In another technique, an aperture plate is disposed between the uniform flood source and the scintillation crystal. One of the holes in the plate is centered on each of the photomultiplier tubes. The photomultiplier tubes are individually selected to count radiation events for a preselected duration. Each tube is then adjusted until the counts are substantially uniform. See, for example, U.S. Pat. No. 4,517,460. One of the difficulties of this technique is that a very large count is required for statistical accuracy. This requires a test fixture and a long calibration time on the order of hours.

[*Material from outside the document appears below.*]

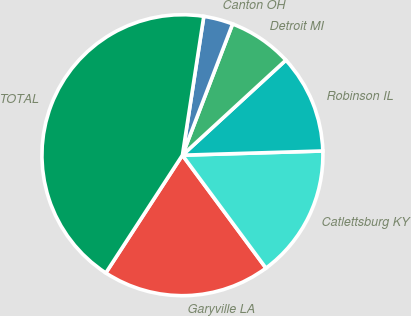Convert chart to OTSL. <chart><loc_0><loc_0><loc_500><loc_500><pie_chart><fcel>Garyville LA<fcel>Catlettsburg KY<fcel>Robinson IL<fcel>Detroit MI<fcel>Canton OH<fcel>TOTAL<nl><fcel>19.32%<fcel>15.34%<fcel>11.35%<fcel>7.36%<fcel>3.38%<fcel>43.25%<nl></chart> 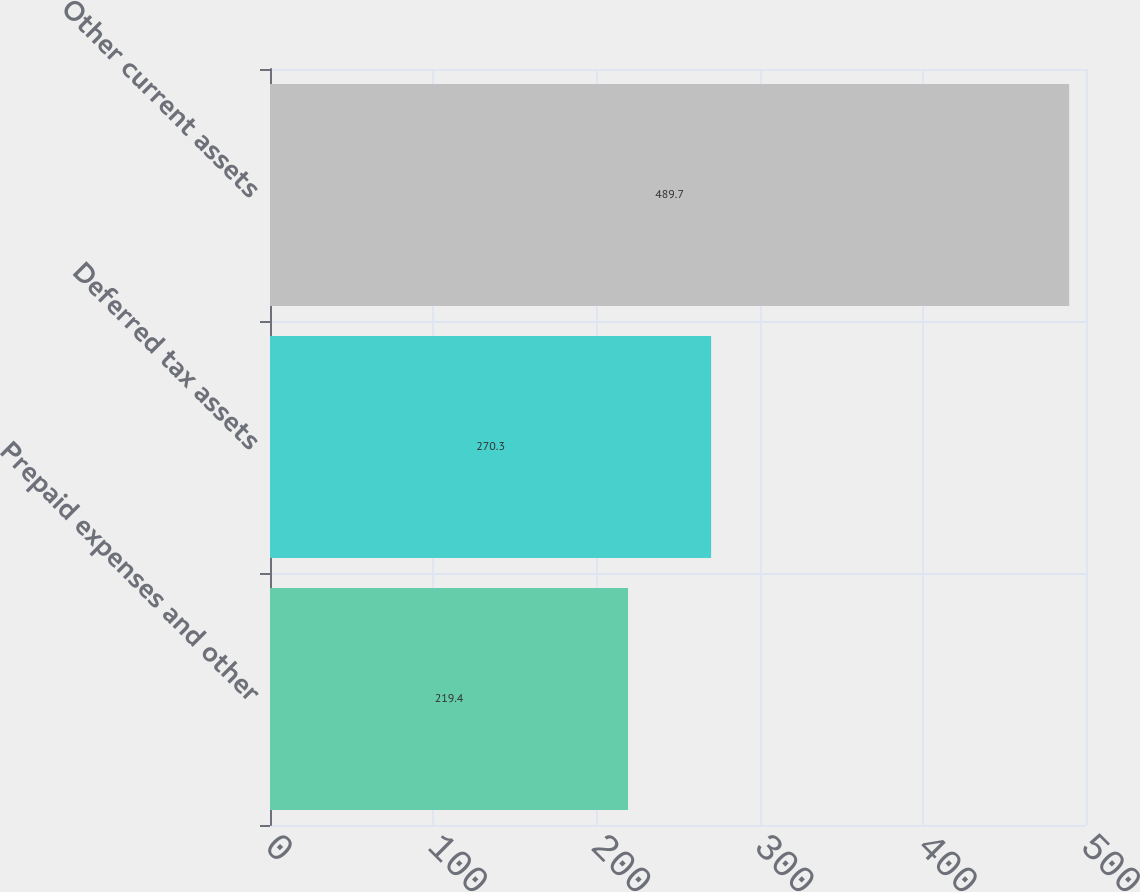Convert chart. <chart><loc_0><loc_0><loc_500><loc_500><bar_chart><fcel>Prepaid expenses and other<fcel>Deferred tax assets<fcel>Other current assets<nl><fcel>219.4<fcel>270.3<fcel>489.7<nl></chart>

In another technique, the output of the photomultiplier tubes is monitored whenever the camera is in operation to determine a continuously updated energy response vector. The energy response vector is multiplied by a deconvolution matrix to deconvolve the contribution of adjoining tubes. The deconvolution matrix is the inversion of a contribution matrix containing matrix elements which represent the relative contribution of each radiation detector of the system. See, for example, U.S. Pat. No. 4,583,187. One drawback to this technique is that the gain adjustment is always on. Adjustments in gain can be made during a patient examination and are subject to statistical variations. Adjustments vary with conditions. Another drawback is that all nearest neighbors contribute. There is no individual tube selection.
The present invention contemplates a new and improved photomultiplier tube gain adjustment technique which overcomes the above-referenced problems and others.